The paradigm is a standardized standard for eliminating redundant data from duplication, so that the data in the database is better organized, and the more efficient use of disk space is a prerequisite for satisfying the high class paradigm that satisfies the lower-class paradigm. In the database design phase, it is a very important step to tune the MongoDB database performance by defining the purpose of the collection. According to the most commonly used operation of the data in the collection, the most important thing we need to focus on is the degree of normalization for frequent updates and frequent queries.

1.1 Paradigm

The advantages of 1.1.1 paradigm:

1, the paradigm of the database updated faster;

2, after normalization, only a little duplication of data, only need to modify less data;

3. The normalized table is smaller and can be executed in memory;

4, little redundant data, need fewer distinct or group by statements when querying.

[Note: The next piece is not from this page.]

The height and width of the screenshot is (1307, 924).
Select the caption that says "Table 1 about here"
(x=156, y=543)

Disadvantages of 1.1.2 Paradigm:

1, the normal form of the table, in the query often need a lot of association, because there is no redundancy in a single table and duplicate data. This results in a slightly more complex query statement that may require more than a few associations on the schema of the query paradigm. This increases the cost of making the query, or it may invalidate some index policies. Because normalization stores columns in separate tables, these columns can belong to the same index in one table.

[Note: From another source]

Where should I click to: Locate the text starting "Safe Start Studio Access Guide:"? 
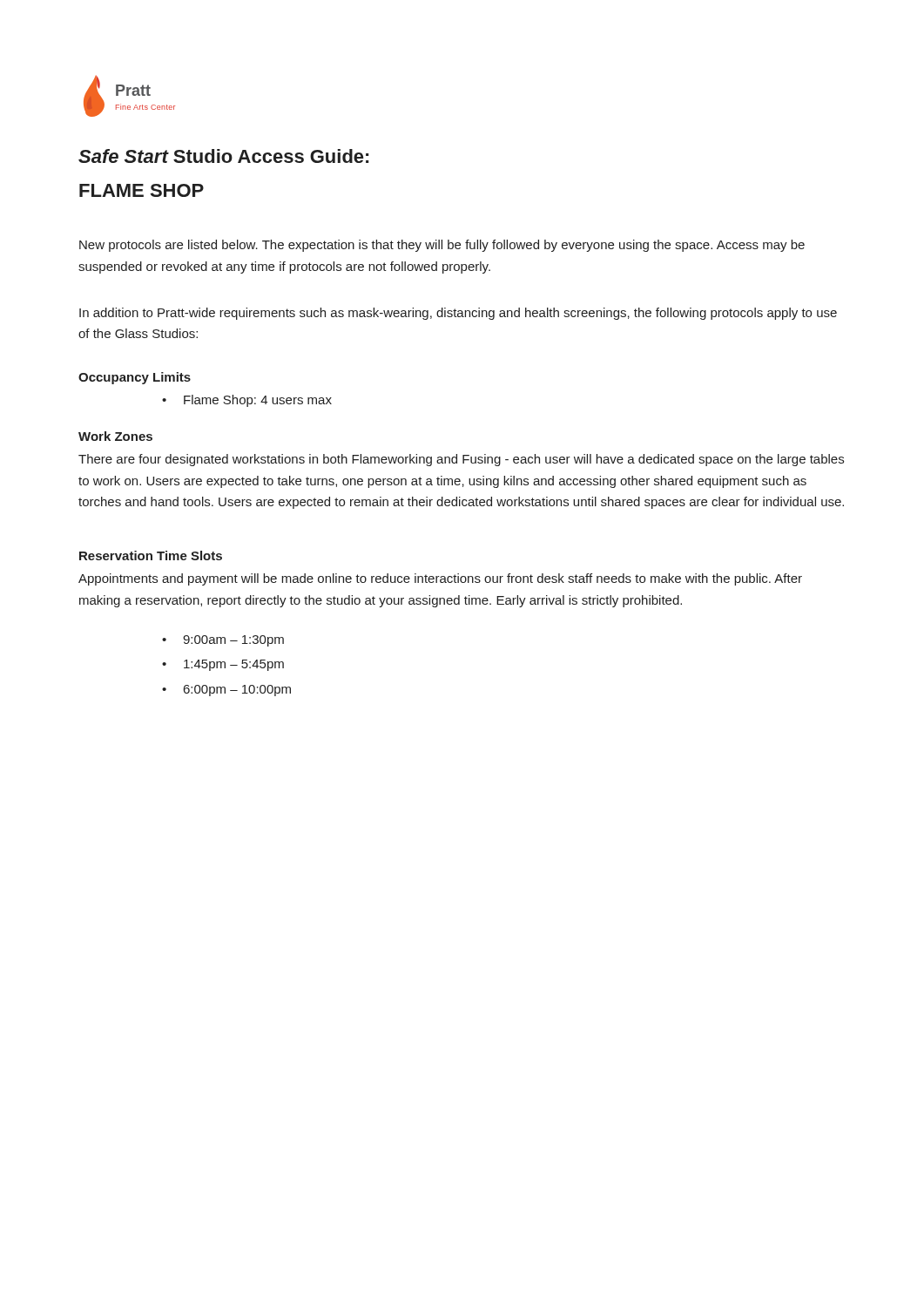[224, 156]

Examples of 1.1.3 Paradigm design:

To store a book and its authors for example, the author's information includes the author's name, age, nationality. The use of a normalized design is as follows:

"'
{'
_id ': ObjectId (" 5124b5d86041c7dca81917 "),
" title ":" How to Use MongoDB ",
" author ": [
ObjectId ( "144b5d83041c7dca84416"),
ObjectId ("144b5d83041c7dca84418"),
ObjectId ("144b5d83041c7dca84420"),
]
}

Add the ID array of the author (comment) as a field to the book. This design approach is commonly used in non relational databases. In MongoDB, we extract the author's details that are not directly related to the primary key to another collection and associate the query in the way that the primary key is stored. When we want to query articles and authors, we need to first query the required articles, and then get the author ID from the author, and finally get the complete article and its author details.

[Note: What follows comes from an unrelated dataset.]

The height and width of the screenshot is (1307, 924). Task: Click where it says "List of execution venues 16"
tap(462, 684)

In this case, query performance is obviously not ideal, because more associated queries are required. However, when an author's information needs to be modified, the normalization of the maintenance advantage is highlighted, we do not need to consider the book associated with this author, directly modify this author's field.

1.2. Anti-normalization

1.2.1 The advantages of anti-normalization:

1. Association can be avoided, since almost all the data can be displayed on a single table;

2. Can design an effective index;

1.2.2 The disadvantages of anti-normalization:

1. More redundancy in the table, the deletion of data will cause the table some useful information loss.

Examples of 1.2.3 anti-normalization design:

To store a book and its authors for example, the author's information includes the author's name, age, nationality. The design that uses the inverse normalization is as follows:

{
  "_id": ObjectId ("5124b5d86041c7dca81917"),
  "title": "How to Use MongoDB",
  "author": [
    {
     "name": "Ding　　　　 Lei "" Age ":", "nationality": "", "" ","
      {"
     name": "Ma"
     "Age":
     "Nationality": "The", "" "," {"" "
     name": "Zhang Zhaozhong"
     "Age": ","
     nationality ":" Chin A ",
    },
  ]
 }

In this example we embed the author's field completely into the book, when querying a book directly to get the full information of the corresponding author, but because one author may have many books, when modifying the information of an author, we need to traverse all the books to find the author, modify it.

1.3 Normalization and anti-normal mixing

In order to take into account the advantages and disadvantages of normalization and inverse normalization, it is often used in the mixture of normalization and inverse normalization, and the design of mixed normalization and inverse normalization is as follows:

"'
{
" _id ": ObjectId (" 5124b5d86041c7dca81917 "),
" title ":" How to Use MongoDB ",
" author ": [
{
] _ ID ": ObjectId (" 144b5d83041c7dca84416 "),
" name ":" Ding Lei "
},
{
" _id ": ObjectId (" 144b5d83041c7dca8 4418 "),
" name ":" Ma Yun "
},
{
" _id ": ObjectId (" 144b5d83041c7dca84420 "),
" name ":" Zhang Yi Loyalty "
},
]
}

This time we'll extract the most commonly used part of the author field. When we only need to get the book and author names, we do not need to enter the author collection to query, only in the book collection query can be obtained.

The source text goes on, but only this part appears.